The case returned to the lower court in 2021, and the following year, a new judge once again ruled against us. Our lawyers appealed again. And in April of this year, the appeals court ordered the lower court to dismiss the case. That’s what happened on July 29 after Frazier’s lawyers filed a “notice of non-suit,” meaning they would not appeal.
The litigation wore on me. Not only did I have to scramble to get a new mortgage lender, but I also lost sleep, had trouble focusing and felt a pit in my stomach any time I received a note from our lawyers.
ProPublica, too, paid a price. Though we reached a settlement with Frazier in which he paid a portion of our attorneys fees (in that settlement we agreed not to disclose how much), our insurer still covered the vast majority of the cost — after we met the deductible. Our insurance rates have skyrocketed. All of our new cases carry a much higher deductible.
I reached out to David Berg, Frazier’s lawyer in the case, to understand how the lawsuit affected his client. In a written statement, he noted that Frazier, who was 78 in 2018 when the initial story was published, had a rapid heart rate three days after the article appeared, which sent him to the hospital. He also noted that two different judges had sided with Frazier.
“Those findings were reversed in the court of appeals, but the media winning a defamation action is hardly news,” Berg wrote. “What is news is what Bud accomplished in the operating room, as opposed to the courtroom, just last month, with a device that may well save millions of lives of patients with failing hearts.”
He also said in response to my question: “Mr. Ornstein inquired about the effect of the litigation on Dr. Frazier. The article haunts him.

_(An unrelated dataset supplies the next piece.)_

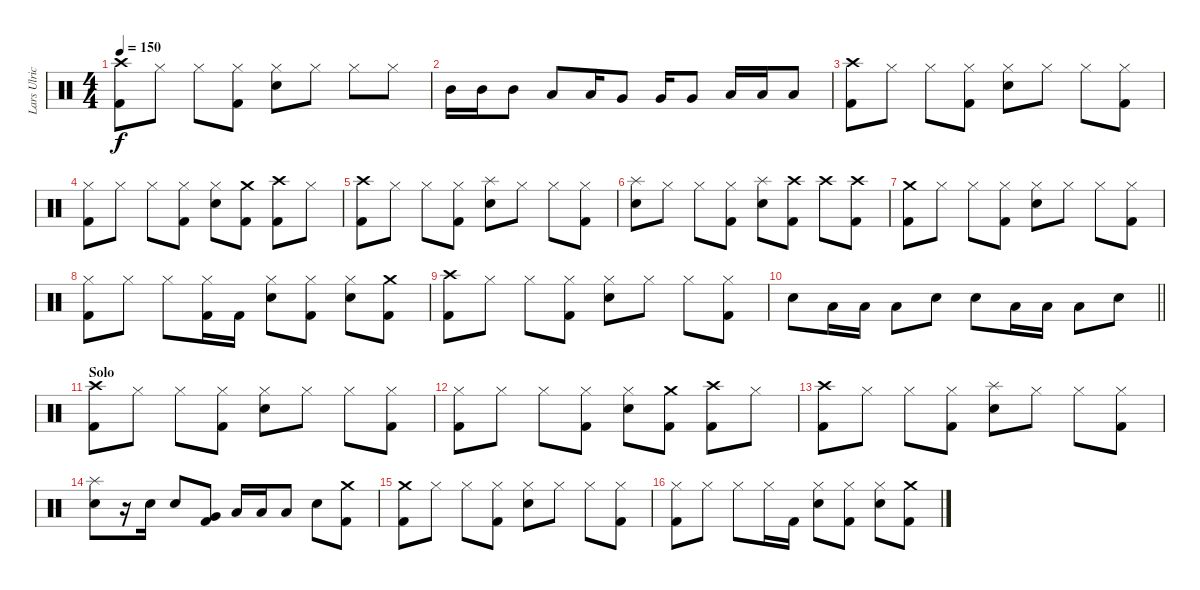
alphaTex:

One can only hope that the rest of Bud’s life will contain even more awards and honors by his peers, and they are already legion; that’s what a doctor who has done so much deserves. Not malicious articles.” (You can read his full statement.)
Including the Frazier case, ProPublica and its journalists have been sued at least six times for libel and defamation since our start 16 years ago. We have not lost or paid money to defendants in any of them. In 2010, a federal judge in Louisiana issued a ruling that effectively ended a libel suit filed by a doctor mentioned in “The Deadly Choices at Memorial.” In 2016, a federal district judge in Phoenix threw out a case accusing us and the Center for Investigative Reporting of defaming a government contractor. In 2018, a Brooklyn judge dismissed a libel suit against two reporters related to a 2015 investigation into a group of for-profit nursing homes.
In 2023, a New York appeals court sided with a freelance journalist in a defamation suit about an article we ran chronicling the downfall of a Fortune 500 CEO. And this May, a Texas appeals court sided with ProPublica and The Texas Tribune in a disparagement lawsuit filed by a health care services company that was the subject of a 2020 article. Those two cases are still ongoing, and we’ll continue to defend our journalism.
Defending these cases required time and money, and ProPublica’s experience isn’t unique. In a 2021 op-ed in Columbia Journalism Review, D. Victoria Baranetsky and Alexandra Gutierrez described the fallout of a lawsuit against Reveal, run by the Center for Investigative Reporting: “Reveal will never be able to recover the time that could have been spent on reporting, or forget the stress that a multi-million-dollar lawsuit inflicts on its employees,” they wrote.
As I prepare for my investigative class this fall, I will once again highlight the value of reviewing lawsuits when researching an article. But I’ll spend a few extra minutes on my experience and the caveats.